Profiling for Ray Developers
Contents
Profiling for Ray Developers#
This guide helps contributors to the Ray project analyze Ray performance.
Getting a stack trace of Ray C++ processes#
You can use the following GDB command to view the current stack trace of any running Ray process (e.g., raylet). This can be useful for debugging 100% CPU utilization or infinite loops (simply run the command a few times to see what the process is stuck on).
sudo gdb -batch -ex "thread apply all bt" -p <pid>
Note that you can find the pid of the raylet with pgrep raylet
.
Installation#
These instructions are for Ubuntu only. Attempts to get pprof
to correctly
symbolize on Mac OS have failed.
sudo apt-get install google-perftools libgoogle-perftools-dev
Launching the to-profile binary#
If you want to launch Ray in profiling mode, define the following variables:
export PERFTOOLS_PATH=/usr/lib/x86_64-linux-gnu/libprofiler.so
export PERFTOOLS_LOGFILE=/tmp/pprof.out
The file /tmp/pprof.out
will be empty until you let the binary run the
target workload for a while and then kill
it via ray stop
or by
letting the driver exit.
Memory Profiling#
If you want to run memory profiling on Ray core components, you can use Jemalloc (https://github.com/jemalloc/jemalloc). Ray supports environment variables to override LD_PRELOAD on core components.
You can find the component name from ray_constants.py
. For example, if you’d like to profile gcs_server,
search PROCESS_TYPE_GCS_SERVER
in ray_constants.py
. You can see the value is gcs_server
.
Users are supposed to provide 3 env vars for memory profiling.
RAY_JEMALLOC_LIB_PATH: The path to the jemalloc shared library
so
.RAY_JEMALLOC_CONF: The MALLOC_CONF of jemalloc (comma separated).
RAY_JEMALLOC_PROFILE: Comma separated Ray components to run Jemalloc
so
. e.g., (“raylet,gcs_server”). Note that the components should match the process type inray_constants.py
. (It means “RAYLET,GCS_SERVER” won’t work).
# Install jemalloc
wget https://github.com/jemalloc/jemalloc/releases/download/5.2.1/jemalloc-5.2.1.tar.bz2
tar -xf jemalloc-5.2.1.tar.bz2
cd jemalloc-5.2.1
./configure --enable-prof --enable-prof-libunwind
make
# set jemalloc configs through MALLOC_CONF env variable
# read http://jemalloc.net/jemalloc.3.html#opt.lg_prof_interval
# for all jemalloc configs
# Ray start will profile the GCS server component.

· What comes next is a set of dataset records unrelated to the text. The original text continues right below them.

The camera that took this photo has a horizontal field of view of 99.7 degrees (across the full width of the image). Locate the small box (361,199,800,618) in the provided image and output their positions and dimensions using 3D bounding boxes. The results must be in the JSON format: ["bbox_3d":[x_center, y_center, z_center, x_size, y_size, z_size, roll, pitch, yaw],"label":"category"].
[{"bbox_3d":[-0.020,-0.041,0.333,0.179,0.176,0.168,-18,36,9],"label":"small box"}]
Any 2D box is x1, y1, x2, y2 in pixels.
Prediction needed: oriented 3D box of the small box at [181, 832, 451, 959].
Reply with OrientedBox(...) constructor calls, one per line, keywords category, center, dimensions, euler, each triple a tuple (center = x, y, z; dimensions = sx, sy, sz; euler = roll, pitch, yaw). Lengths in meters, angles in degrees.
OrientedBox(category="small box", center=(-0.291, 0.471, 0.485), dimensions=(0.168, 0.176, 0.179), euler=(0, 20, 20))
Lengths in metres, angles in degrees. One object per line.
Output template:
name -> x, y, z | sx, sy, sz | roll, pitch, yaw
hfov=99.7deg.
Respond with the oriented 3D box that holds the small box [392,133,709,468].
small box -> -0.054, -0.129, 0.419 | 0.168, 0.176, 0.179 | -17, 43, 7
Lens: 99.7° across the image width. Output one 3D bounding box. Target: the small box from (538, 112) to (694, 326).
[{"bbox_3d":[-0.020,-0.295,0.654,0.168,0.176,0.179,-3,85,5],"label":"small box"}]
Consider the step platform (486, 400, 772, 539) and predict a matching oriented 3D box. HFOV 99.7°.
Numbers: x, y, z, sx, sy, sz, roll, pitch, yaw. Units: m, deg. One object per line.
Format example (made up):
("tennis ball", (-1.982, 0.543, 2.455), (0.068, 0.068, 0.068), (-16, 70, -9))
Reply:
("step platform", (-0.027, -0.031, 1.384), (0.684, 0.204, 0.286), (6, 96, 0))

RAY_JEMALLOC_CONF=prof:true,lg_prof_interval:33,lg_prof_sample:17,prof_final:true,prof_leak:true \
RAY_JEMALLOC_LIB_PATH=~/jemalloc-5.2.1/lib/libjemalloc.so \
RAY_JEMALLOC_PROFILE=gcs_server \
ray start --head
# You should be able to see the following logs.
2021-10-20 19:45:08,175 INFO services.py:622 -- Jemalloc profiling will be used for gcs_server. env vars: {'LD_PRELOAD': '/Users/sangbincho/jemalloc-5.2.1/lib/libjemalloc.so', 'MALLOC_CONF': 'prof:true,lg_prof_interval:33,lg_prof_sample:17,prof_final:true,prof_leak:true'}
Visualizing the CPU profile#
The output of pprof
can be visualized in many ways. Here we output it as a
zoomable .svg
image displaying the call graph annotated with hot paths.
# Use the appropriate path.
RAYLET=ray/python/ray/core/src/ray/raylet/raylet
google-pprof -svg $RAYLET /tmp/pprof.out > /tmp/pprof.svg
# Then open the .svg file with Chrome.
# If you realize the call graph is too large, use -focus=<some function> to zoom
# into subtrees.
google-pprof -focus=epoll_wait -svg $RAYLET /tmp/pprof.out > /tmp/pprof.svg
Here’s a snapshot of an example svg output, taken from the official documentation:

Running Microbenchmarks#
To run a set of single-node Ray microbenchmarks, use:
ray microbenchmark
You can find the microbenchmark results for Ray releases in the GitHub release logs.
References#
The pprof documentation.
The gperftools, including libprofiler, tcmalloc, and other goodies.